Fin da subito iscritta in numerose liste e celebrata su scala internazionale per il notevole risultato raggiunto, l’opera del ponte di Pontchartrain sarebbe stata presto inserita nell’elenco dei Patrimoni Ingegneristici Nazionali da parte dell’ASCE (American Society of Civil Engineering). Continuando a costituire un notevole, nonché innegabile punto d’orgoglio per la sua città, lo stato e l’intera sola ed unica nazione federale nordamericana.
Un ponte destinato ad entrare nella leggenda dunque ma soprattutto un ponte destinato a resistere alla prova del tempo. Nonché la furia degli elementi, inclusi gli occasionali uragani capaci di colpire periodicamente la regione di New Orleans, tra cui neppure il devastante Katrina del 2005 sarebbe riuscito ad arrecare danni significativi alla possente striscia percorribile da una parte all’altra del grande lago. Il che d’altra parte, non può essere detto dell’uomo stesso, viste le svariate centinaia di volte in cui il ponte sarebbe stato colpito da imbarcazioni nel corso della sua esistenza, tra cui il drammatico caso in cui l’urto da parte di alcune chiatte da trasporto avrebbe portato al crollo di un sua sezione nel 1964, con conseguente caduta di un autobus nelle acque sottostanti, che finì per costare la vita a sei persone. Mentre assai più rare riescono ad essere, d’altronde, le casistiche in cui un’automobile finisce per subire un simile destino a seguito di un incidente o guida scorretta, contro la quale unica risorsa sembrerebbero essere i molti cartelli illuminati che invitano alla guida prudente disposti lungo l’intera estensione del ponte, assieme ad altrettante telecamere di sorveglianza per l’assegnazione di multe preventive.
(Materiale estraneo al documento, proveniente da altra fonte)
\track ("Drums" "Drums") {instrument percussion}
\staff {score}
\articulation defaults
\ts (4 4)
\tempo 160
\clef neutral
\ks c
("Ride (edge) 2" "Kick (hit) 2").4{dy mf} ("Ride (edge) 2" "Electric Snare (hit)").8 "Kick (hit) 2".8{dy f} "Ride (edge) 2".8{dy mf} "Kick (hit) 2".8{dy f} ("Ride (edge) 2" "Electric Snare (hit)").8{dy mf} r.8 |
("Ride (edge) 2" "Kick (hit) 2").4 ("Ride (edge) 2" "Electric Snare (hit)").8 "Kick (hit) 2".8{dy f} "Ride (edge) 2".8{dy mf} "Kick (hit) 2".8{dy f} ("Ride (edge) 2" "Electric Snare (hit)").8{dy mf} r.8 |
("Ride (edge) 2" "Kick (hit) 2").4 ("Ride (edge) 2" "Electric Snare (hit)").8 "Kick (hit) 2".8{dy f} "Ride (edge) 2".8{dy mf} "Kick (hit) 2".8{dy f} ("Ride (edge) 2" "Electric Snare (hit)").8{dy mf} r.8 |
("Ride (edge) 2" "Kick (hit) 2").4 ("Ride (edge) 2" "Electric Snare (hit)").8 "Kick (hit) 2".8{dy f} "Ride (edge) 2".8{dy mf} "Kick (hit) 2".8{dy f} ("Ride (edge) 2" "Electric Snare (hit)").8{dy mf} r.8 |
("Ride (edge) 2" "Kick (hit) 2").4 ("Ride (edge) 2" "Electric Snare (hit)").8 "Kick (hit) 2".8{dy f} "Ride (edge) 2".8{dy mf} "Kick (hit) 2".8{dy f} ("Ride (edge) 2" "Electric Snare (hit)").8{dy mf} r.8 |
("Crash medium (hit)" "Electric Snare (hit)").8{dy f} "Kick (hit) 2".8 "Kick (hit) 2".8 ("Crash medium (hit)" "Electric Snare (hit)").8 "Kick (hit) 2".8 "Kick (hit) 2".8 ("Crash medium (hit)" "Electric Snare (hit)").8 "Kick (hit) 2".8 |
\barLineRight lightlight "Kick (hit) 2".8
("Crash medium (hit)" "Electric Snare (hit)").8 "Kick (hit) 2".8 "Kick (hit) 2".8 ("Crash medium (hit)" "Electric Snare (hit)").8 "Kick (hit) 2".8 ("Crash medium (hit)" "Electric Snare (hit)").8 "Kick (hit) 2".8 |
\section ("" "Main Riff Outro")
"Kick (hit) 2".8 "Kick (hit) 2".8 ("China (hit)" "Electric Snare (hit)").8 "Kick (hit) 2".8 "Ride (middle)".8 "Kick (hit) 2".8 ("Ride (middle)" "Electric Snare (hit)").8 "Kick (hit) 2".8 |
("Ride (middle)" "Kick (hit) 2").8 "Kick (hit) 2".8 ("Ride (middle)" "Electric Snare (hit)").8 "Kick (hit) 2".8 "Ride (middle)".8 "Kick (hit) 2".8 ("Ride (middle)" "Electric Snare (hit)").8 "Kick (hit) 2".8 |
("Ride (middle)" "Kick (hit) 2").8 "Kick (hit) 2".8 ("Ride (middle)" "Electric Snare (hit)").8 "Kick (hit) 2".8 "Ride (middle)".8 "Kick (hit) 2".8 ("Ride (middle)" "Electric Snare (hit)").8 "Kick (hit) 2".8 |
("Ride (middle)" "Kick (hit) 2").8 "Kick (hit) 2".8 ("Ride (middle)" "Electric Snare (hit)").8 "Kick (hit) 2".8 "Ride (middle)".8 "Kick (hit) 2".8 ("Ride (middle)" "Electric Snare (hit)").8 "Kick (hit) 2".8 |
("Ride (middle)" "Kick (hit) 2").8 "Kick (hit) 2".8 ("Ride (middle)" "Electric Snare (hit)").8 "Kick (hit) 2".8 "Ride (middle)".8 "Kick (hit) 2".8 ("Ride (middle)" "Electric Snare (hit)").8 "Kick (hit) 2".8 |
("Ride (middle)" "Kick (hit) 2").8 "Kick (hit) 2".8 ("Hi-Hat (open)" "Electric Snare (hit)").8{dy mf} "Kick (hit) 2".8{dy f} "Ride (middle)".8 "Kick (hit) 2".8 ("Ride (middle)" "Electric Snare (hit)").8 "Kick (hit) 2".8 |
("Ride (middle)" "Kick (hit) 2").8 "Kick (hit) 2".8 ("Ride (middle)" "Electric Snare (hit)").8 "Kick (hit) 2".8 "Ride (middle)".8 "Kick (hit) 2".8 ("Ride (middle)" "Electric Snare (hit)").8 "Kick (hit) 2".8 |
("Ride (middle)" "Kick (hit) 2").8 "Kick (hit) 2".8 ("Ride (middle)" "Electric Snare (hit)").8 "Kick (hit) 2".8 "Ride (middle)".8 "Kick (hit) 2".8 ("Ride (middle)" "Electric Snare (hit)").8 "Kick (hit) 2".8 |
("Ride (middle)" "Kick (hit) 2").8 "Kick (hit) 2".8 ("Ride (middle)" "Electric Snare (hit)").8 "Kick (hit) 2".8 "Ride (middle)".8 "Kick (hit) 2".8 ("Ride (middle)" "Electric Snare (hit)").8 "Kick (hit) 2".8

Ma la gente, si sa, è poco propensa a perdere le cattive abitudini. E i dati ufficiali riportano ad esempio, soltanto per l’anno 2015, una cifra di ben 178 incidenti, con 65 tamponamenti ulteriori a seguire dal primo verificarsi dell’evento. Ed è per questo forse, più che ogni altra considerazione, che il viadotto Pontchartrain richiede una notevole fiducia nel destino e nella sorte prima di essere attraversato. Almeno di essersi abituati percorrendolo ogni giorno, per il semplice e gesto di andare a lavorare. Ma anche allora, per il verificarsi di particolari eventi o perturbazioni meteorologiche, possono cambiare in modo sensibile le aspettative e i risultati di quel gesto. Quando l’unico punto di fuga è quello della prospettiva, e nessun altro…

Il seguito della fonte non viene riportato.